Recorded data
>>>
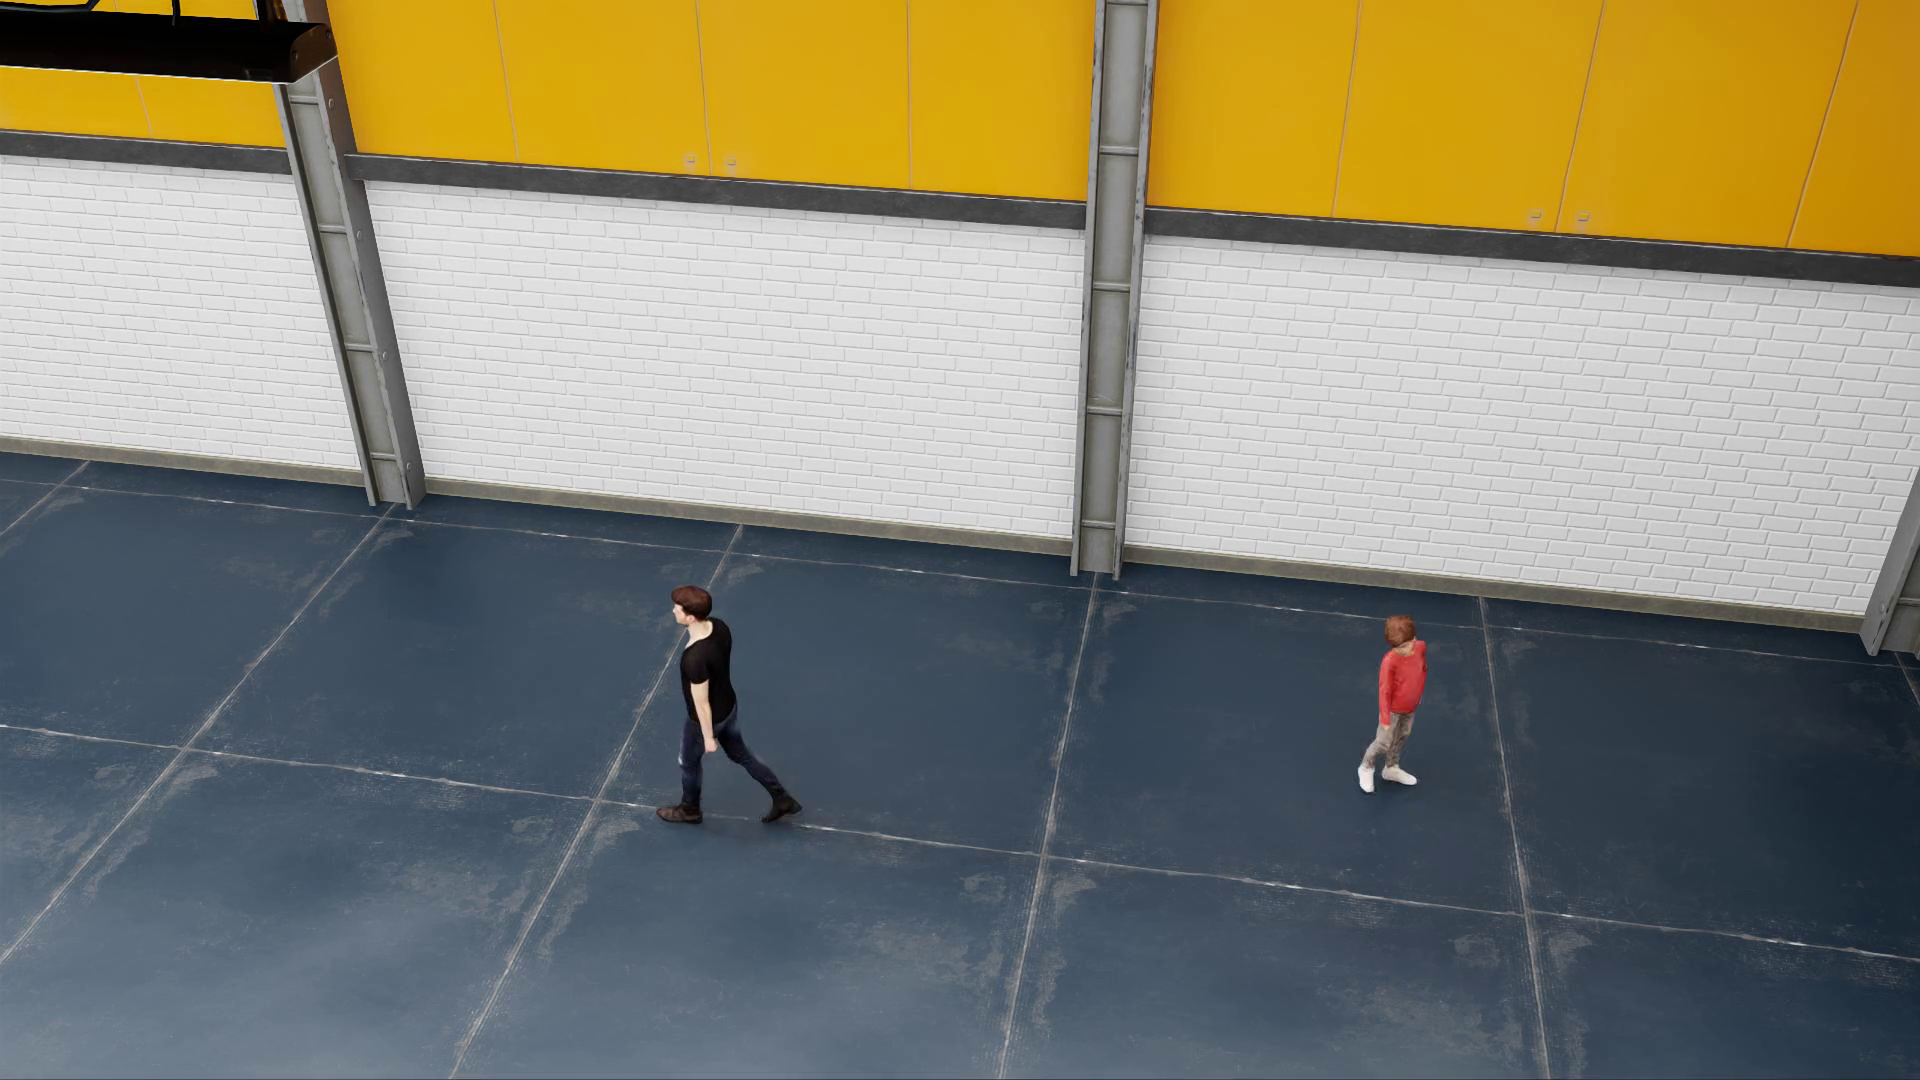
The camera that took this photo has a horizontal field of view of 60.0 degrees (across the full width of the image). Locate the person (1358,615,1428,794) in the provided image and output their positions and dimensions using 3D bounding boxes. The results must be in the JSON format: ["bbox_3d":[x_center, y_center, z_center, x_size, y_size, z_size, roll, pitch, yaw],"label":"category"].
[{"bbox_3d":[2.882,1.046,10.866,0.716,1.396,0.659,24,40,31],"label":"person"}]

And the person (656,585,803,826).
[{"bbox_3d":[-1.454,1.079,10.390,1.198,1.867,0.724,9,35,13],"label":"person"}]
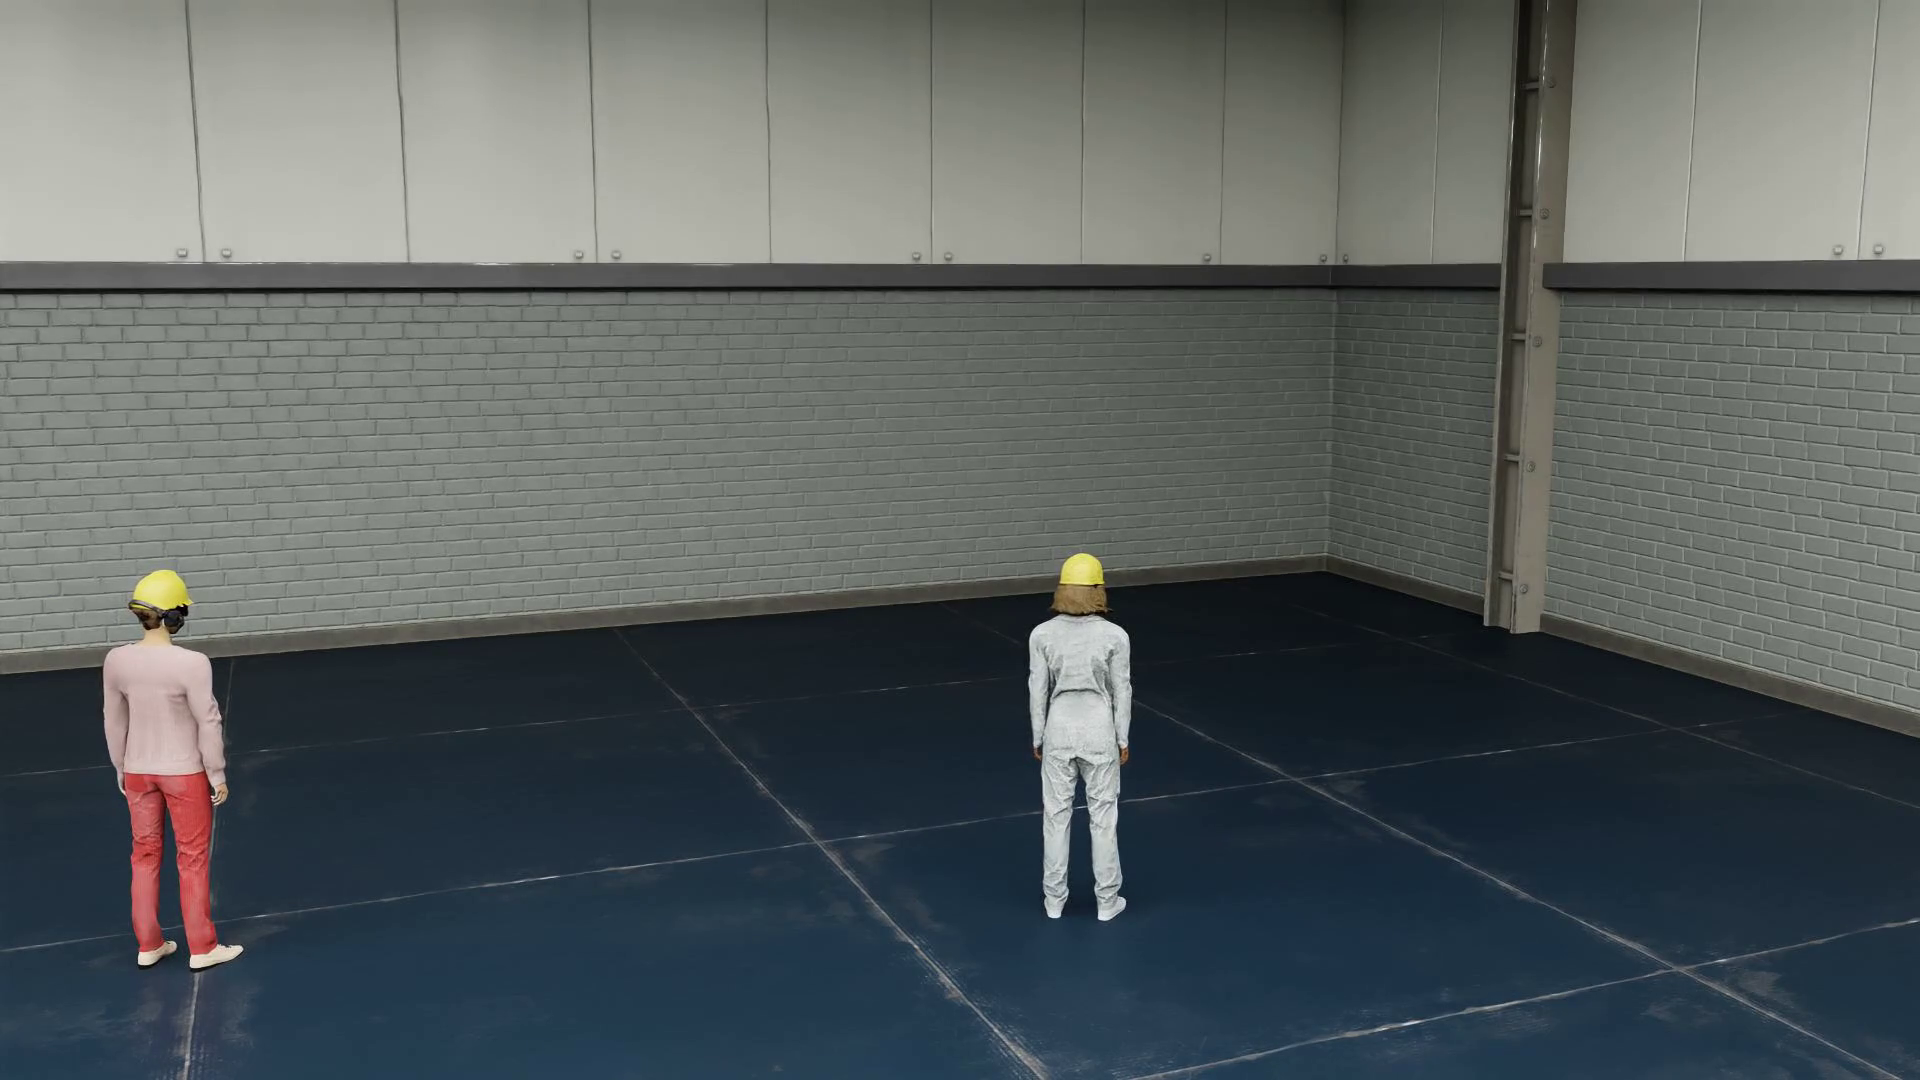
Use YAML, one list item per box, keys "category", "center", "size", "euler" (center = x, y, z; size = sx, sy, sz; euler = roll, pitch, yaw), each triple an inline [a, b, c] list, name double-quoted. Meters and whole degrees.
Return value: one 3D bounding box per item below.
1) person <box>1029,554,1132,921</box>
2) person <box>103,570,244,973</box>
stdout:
<<<
• What you are asked to do
Going through the data above, return each line with the word "item".

• Expected answer
Use YAML, one list item per box, keys "category", "center", "size", "euler" (center = x, y, z; size = sx, sy, sz; euler = roll, pitch, yaw), each triple an inline [a, b, c] list, name double-quoted. Meters and whole degrees.
Return value: one 3D bounding box per item below.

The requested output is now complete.